[Dataset records]
Segment Open

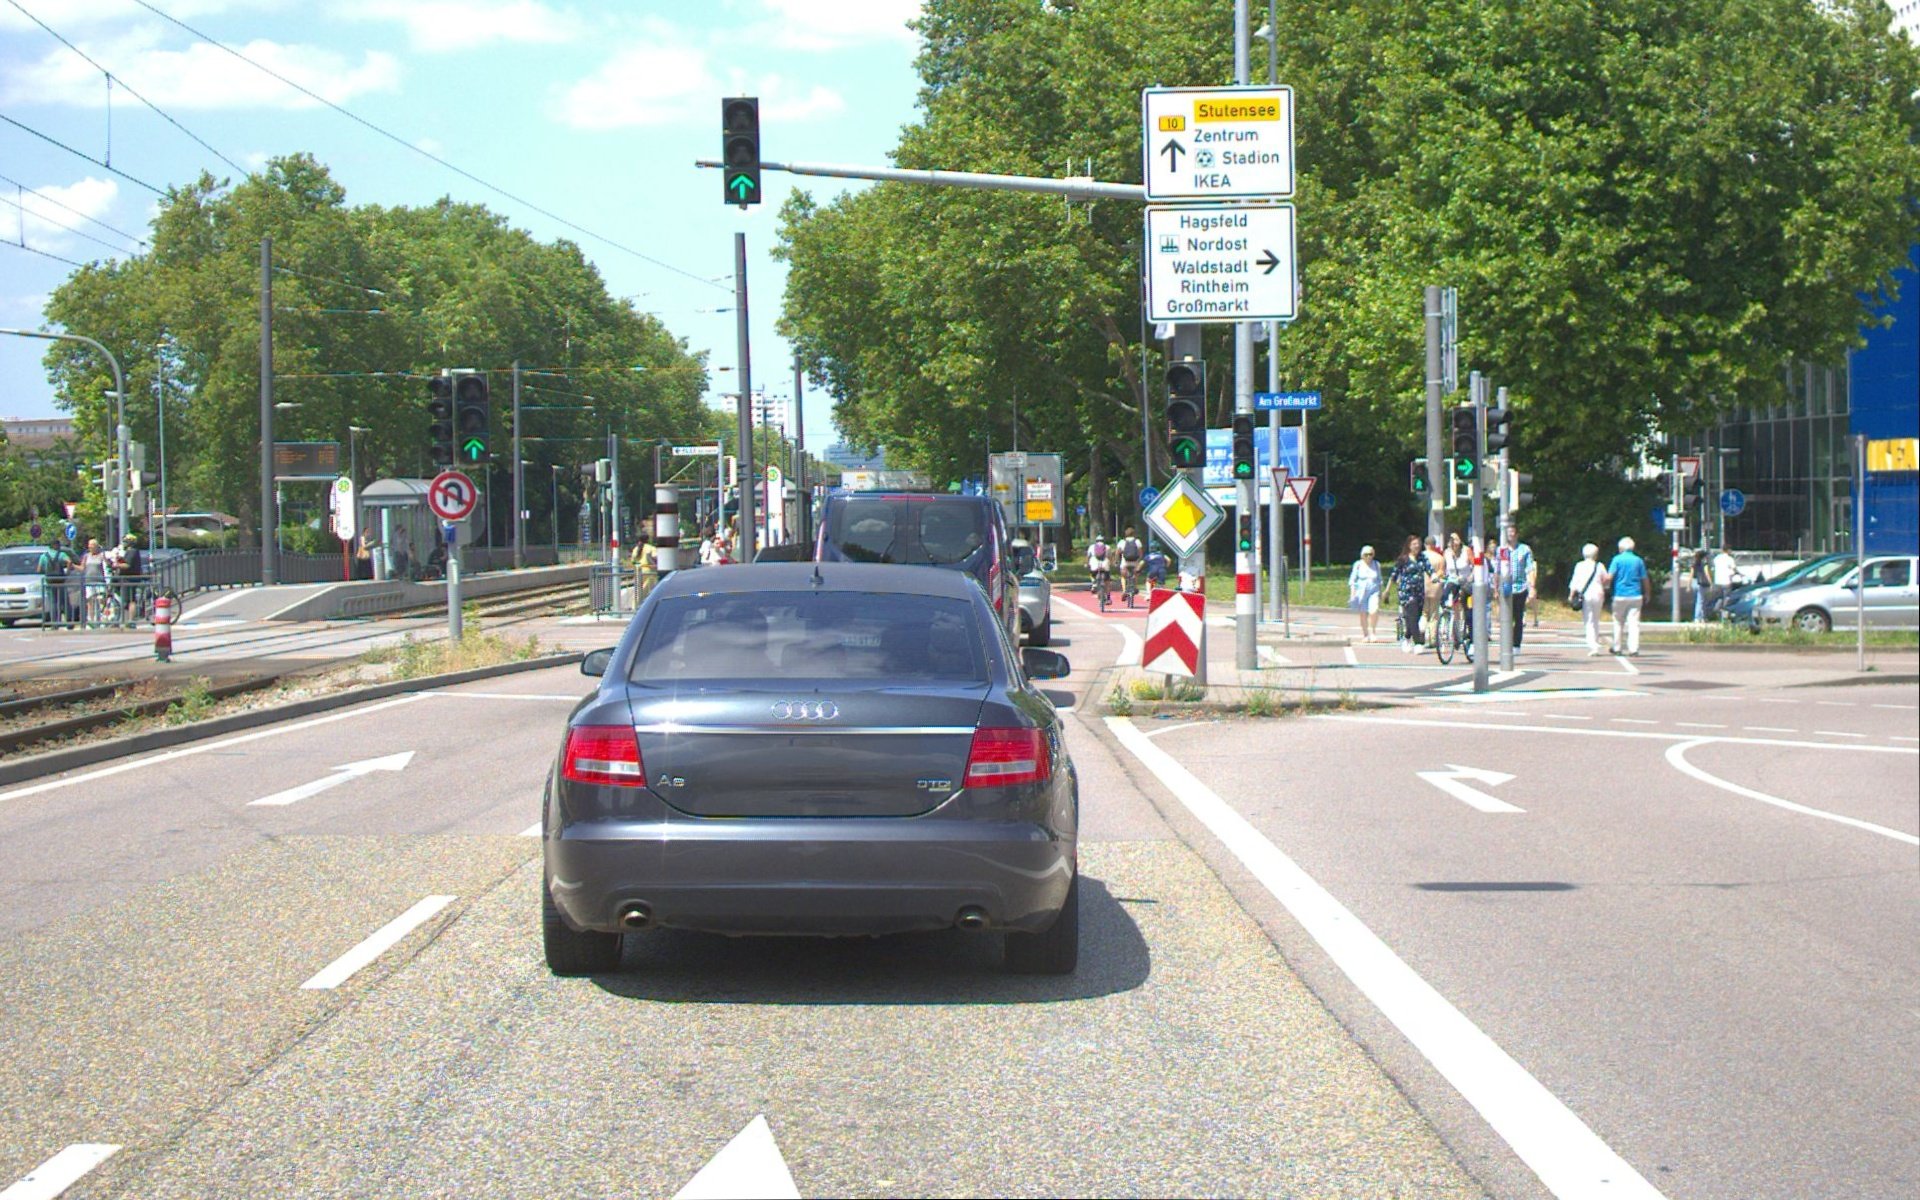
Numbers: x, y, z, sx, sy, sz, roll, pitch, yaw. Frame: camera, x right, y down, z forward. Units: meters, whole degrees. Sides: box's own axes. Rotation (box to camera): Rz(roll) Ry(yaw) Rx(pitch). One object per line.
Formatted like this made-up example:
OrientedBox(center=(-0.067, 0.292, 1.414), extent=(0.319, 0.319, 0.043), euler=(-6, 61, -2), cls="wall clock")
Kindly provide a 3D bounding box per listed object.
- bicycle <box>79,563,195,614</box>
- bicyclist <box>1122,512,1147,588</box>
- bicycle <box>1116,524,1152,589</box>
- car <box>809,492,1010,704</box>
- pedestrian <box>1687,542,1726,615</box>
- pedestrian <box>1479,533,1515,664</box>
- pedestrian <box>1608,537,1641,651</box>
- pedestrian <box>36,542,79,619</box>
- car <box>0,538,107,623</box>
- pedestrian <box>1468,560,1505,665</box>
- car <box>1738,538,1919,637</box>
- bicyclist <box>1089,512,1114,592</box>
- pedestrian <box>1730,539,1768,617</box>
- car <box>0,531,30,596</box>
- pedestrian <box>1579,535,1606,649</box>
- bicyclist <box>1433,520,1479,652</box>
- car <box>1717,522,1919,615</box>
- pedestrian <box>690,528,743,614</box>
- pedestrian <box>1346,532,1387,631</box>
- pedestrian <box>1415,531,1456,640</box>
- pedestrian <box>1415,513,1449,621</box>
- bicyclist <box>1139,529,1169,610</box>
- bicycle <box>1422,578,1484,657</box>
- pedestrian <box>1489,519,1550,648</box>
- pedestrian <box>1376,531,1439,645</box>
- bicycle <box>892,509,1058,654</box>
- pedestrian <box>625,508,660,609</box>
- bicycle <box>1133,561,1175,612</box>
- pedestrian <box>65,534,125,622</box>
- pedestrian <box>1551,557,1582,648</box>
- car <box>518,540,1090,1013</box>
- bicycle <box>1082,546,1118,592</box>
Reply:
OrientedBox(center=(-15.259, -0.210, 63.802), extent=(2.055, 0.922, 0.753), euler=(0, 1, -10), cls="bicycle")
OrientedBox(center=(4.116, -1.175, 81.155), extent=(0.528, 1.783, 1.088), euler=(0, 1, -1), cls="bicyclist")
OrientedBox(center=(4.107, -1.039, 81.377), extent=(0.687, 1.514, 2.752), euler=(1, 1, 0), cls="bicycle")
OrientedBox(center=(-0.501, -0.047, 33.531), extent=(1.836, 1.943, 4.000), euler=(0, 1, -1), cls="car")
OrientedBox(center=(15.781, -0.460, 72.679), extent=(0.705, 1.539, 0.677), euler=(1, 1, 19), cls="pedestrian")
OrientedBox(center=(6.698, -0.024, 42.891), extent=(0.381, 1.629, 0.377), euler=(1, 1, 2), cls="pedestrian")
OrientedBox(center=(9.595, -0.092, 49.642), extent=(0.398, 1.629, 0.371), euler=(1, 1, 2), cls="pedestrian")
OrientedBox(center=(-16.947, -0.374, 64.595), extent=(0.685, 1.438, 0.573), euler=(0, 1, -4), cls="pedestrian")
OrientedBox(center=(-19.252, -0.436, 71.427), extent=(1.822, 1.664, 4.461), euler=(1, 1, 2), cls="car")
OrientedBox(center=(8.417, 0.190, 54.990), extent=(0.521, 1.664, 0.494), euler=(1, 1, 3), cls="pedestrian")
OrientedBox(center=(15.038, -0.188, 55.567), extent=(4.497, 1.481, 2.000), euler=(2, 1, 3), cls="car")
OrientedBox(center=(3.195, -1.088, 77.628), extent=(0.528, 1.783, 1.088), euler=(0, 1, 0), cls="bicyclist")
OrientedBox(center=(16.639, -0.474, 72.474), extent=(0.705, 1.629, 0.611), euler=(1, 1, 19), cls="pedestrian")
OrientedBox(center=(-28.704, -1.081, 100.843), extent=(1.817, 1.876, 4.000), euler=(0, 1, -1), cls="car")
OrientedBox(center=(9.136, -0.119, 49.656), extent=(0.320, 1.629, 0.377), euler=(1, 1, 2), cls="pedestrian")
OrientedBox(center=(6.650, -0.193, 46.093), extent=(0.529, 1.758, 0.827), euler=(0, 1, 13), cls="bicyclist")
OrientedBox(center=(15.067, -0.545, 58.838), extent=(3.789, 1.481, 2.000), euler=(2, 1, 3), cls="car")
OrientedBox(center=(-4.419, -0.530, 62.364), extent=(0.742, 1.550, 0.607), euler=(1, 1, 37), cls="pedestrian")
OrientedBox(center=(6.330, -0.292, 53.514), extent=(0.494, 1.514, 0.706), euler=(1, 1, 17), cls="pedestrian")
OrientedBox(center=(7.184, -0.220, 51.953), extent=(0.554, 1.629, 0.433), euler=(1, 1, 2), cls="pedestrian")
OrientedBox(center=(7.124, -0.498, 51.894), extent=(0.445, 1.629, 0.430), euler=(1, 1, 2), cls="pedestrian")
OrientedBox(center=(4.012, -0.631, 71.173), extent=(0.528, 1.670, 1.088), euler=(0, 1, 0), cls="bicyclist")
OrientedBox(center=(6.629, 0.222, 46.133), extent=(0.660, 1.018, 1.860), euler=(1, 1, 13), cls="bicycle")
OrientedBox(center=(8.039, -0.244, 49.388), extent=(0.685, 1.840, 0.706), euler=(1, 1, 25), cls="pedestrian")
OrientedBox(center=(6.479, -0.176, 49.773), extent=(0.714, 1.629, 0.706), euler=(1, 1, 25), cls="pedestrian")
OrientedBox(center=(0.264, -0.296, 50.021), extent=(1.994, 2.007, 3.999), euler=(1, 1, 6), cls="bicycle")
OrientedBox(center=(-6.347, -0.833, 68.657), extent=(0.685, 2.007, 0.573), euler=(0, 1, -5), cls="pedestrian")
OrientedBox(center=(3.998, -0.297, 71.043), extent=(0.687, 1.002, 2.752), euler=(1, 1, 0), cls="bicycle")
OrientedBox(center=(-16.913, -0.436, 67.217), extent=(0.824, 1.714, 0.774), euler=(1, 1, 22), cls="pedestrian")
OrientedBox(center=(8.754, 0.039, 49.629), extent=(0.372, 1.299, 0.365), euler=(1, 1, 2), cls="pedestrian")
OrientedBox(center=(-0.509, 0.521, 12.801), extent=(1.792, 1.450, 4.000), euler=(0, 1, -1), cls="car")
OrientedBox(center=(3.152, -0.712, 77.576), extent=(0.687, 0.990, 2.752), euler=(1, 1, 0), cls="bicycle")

Segment Closed

# What is being asked
Provide the count of lines above containing "object", without any added words.

# Answer to this task
2